Mies van der Rohe’s German Pavilion

The International Style was the name chosen to describe the modernist architecture of the 1920s and early 30s, when the work of architects such as Mies van der Rohe, Walter Gropius and Le Corbusier was exhibited in New York in 1932. Their architecture of free planning and their aesthetic of functionalism became highly influential and seemed to sum up the ideals of modern architects in the decades before and after the Second World War.

By the end of the 1920s the most adventurous architects had evolved a way of building that became symbolic of what was progressive and new in 20th-century design. Modern communications meant that this way of building was international—buildings in California could look similar to those in Europe or Australia. It is not surprising that this architecture became known as the International Style.

The MoMA exhibition

The most famous early use of the term “International Style” was in 1932, when the writer Henry-Russell Hitchcock and architect Philip Johnson curated the International Exhibition of Modern Architecture at New York’s Museum of Modern Art (MoMA). The book they produced to accompany the exhibition was called The International Style.

Hitchcock and Johnson’s exhibition contained many of the key buildings of the 1920s: villas in France designed by Le Corbusier, the German Bauhaus designed by Walter Gropius, houses in Holland by J.J.P. Oud and buildings by Erich Mendelsohn and Mies van der Rohe. In some ways these structures were very diverse—Oud’s workers’ houses, for example, looked very different from a large department store by Mendelsohn. But seen together, several key features emerged.


Five points of a new architecture

Le Corbusier outlined five key points that were characteristic of the new architecture as he saw it, exemplified in his Villa Savoye (below).

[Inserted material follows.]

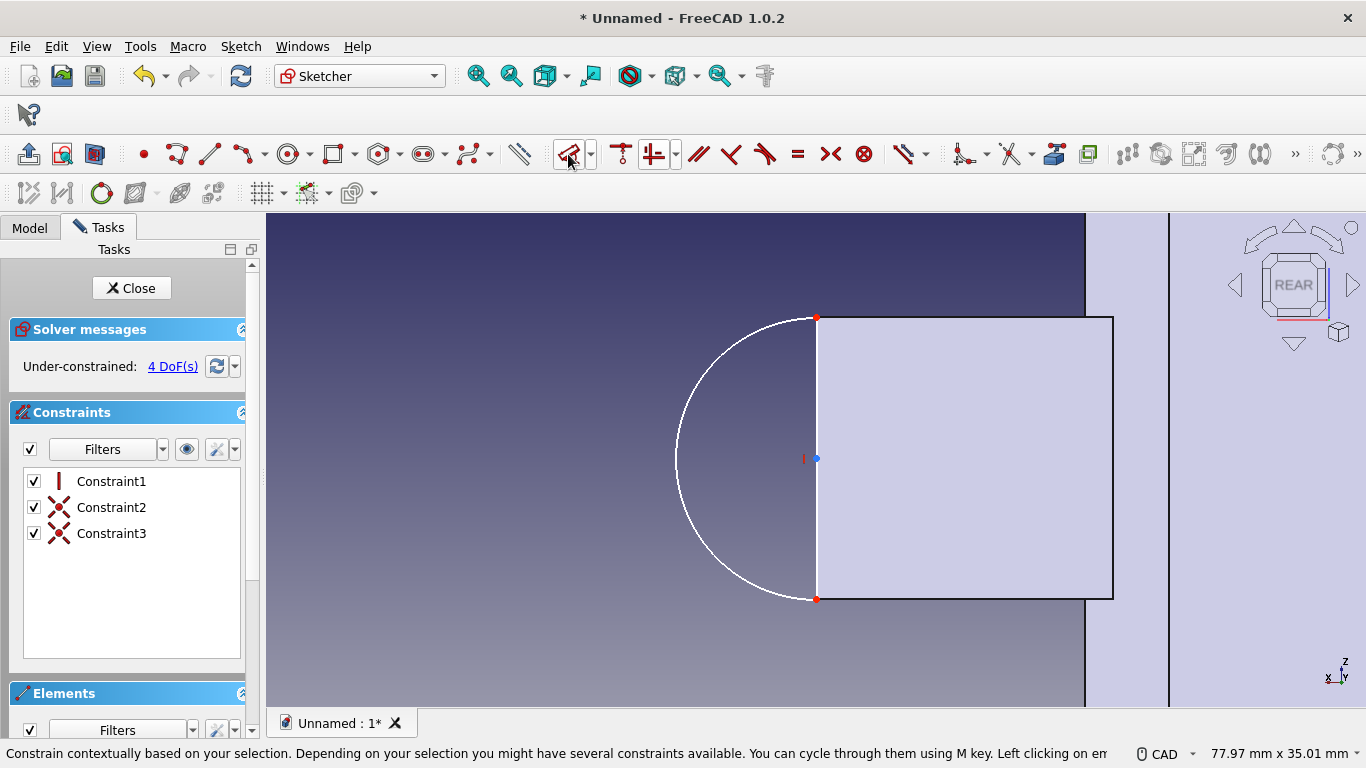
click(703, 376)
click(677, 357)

  • Raising the building on pilotis, so that the main structure seems to “float” above the ground.
  • The provision of a roof garden.
  • The “free plan.” In a free plan, and with the structure held up by the pilotis, rooms and interior spaces could be arranged as function dictated, without the need to include structural walls.
  • The “free façade.” With rooms arranged at will, the façade could take whatever form function dictated. Walls did not need to be structural because the pilotis carried the weight of floors and roof.
  • The use of strip windows to admit plenty of light.
Villa Savoye
Villa Savoye

Features of the style

Key features included the use of concrete, steel and glass, the rejection of ornament, asymmetry and truth to materials. International Style buildings also tended to show an interest in volume rather than mass. In other words, in rejecting thick, load-bearing walls the buildings felt light and transparent, and a far cry from the massive qualities of a castle or an Arts and Crafts house. But the volumes, the spaces inside the building, were meticulously worked out and artfully defined by partition walls, screens and windows.

This quality of lightness and transparency was especially powerful. Architects exploited the way in which steel and concrete structures could be held above the ground on pillars (or “pilotis” as they became known), and the way in which cantilevered structures could make upper stories seem to float in space. Generous windows enhanced this effect of lightness, too.

These buildings could also be international in another way. Architects such as Walter Gropius were keen to embrace the possibilities of machine-made components. At the Bauhaus (see Bauhaus), students learned to make high-quality designs that could be mass produced. Factory-made components of a building, from girders to door handles, could be reproduced in any place where the right production facilities existed, so buildings were no longer tied to local traditions, materials and construction techniques.

“… architecture is a social art related to the life of the people it serves, not an academic exercise in applied ornament.” J.M. Richards, An Introduction to Modern Architecture

Functionalism

Modernist architecture was wedded to the notion that “form follows function,” so architects were encouraged to work “outward” from the specific requirements of a building’s users, creating the spaces that would best meet these needs. The exterior appearance of the building—its shape, the arrangement of the façades and so on—would follow on from this, which is why modernist buildings are often asymmetrical.


Planning on a grid

When working according to the “five points,” architects laid out the pilotis at regular intervals, to form a structural grid. This was just one example of grid planning, a system that was used widely by 20th-century architects. This type of planning could be a structural device—a way of enabling builders to use standard components, such as wall panels of the same size—or simply a discipline to create an ordered plan. Grid planning was frequently used for industrial buildings so that concrete frameworks and similar items could be made to standard sizes and building became a task of assembling components.


However, architects of the caliber of Le Corbusier and Mies van der Rohe were highly
visually aware, and sought to make the exteriors of their buildings carefully composed
and balanced, even when they were not symmetrical. This fact gives many modernist
buildings, such as Le Corbusier’s villas, a studied elegance.

An attractive package

By ignoring styles such as expressionism (see Expressionism)
and the works of major individual (and individualist) architects, such as Frank Lloyd
Wright, Hitchcock and Johnson defined a style of modern architecture. It was an
attractive package and, because it included the work of architects of renown, it inspired
many followers. The fact that its ideas could be wrapped in pithy, memorable phrases—
such as “form follows function” and Le Corbusier’s “a house is a machine for living
in”—made it accessible and easy to publicize, too. As a result, the International Style
was influential in the 1930s and remained so after the Second World War.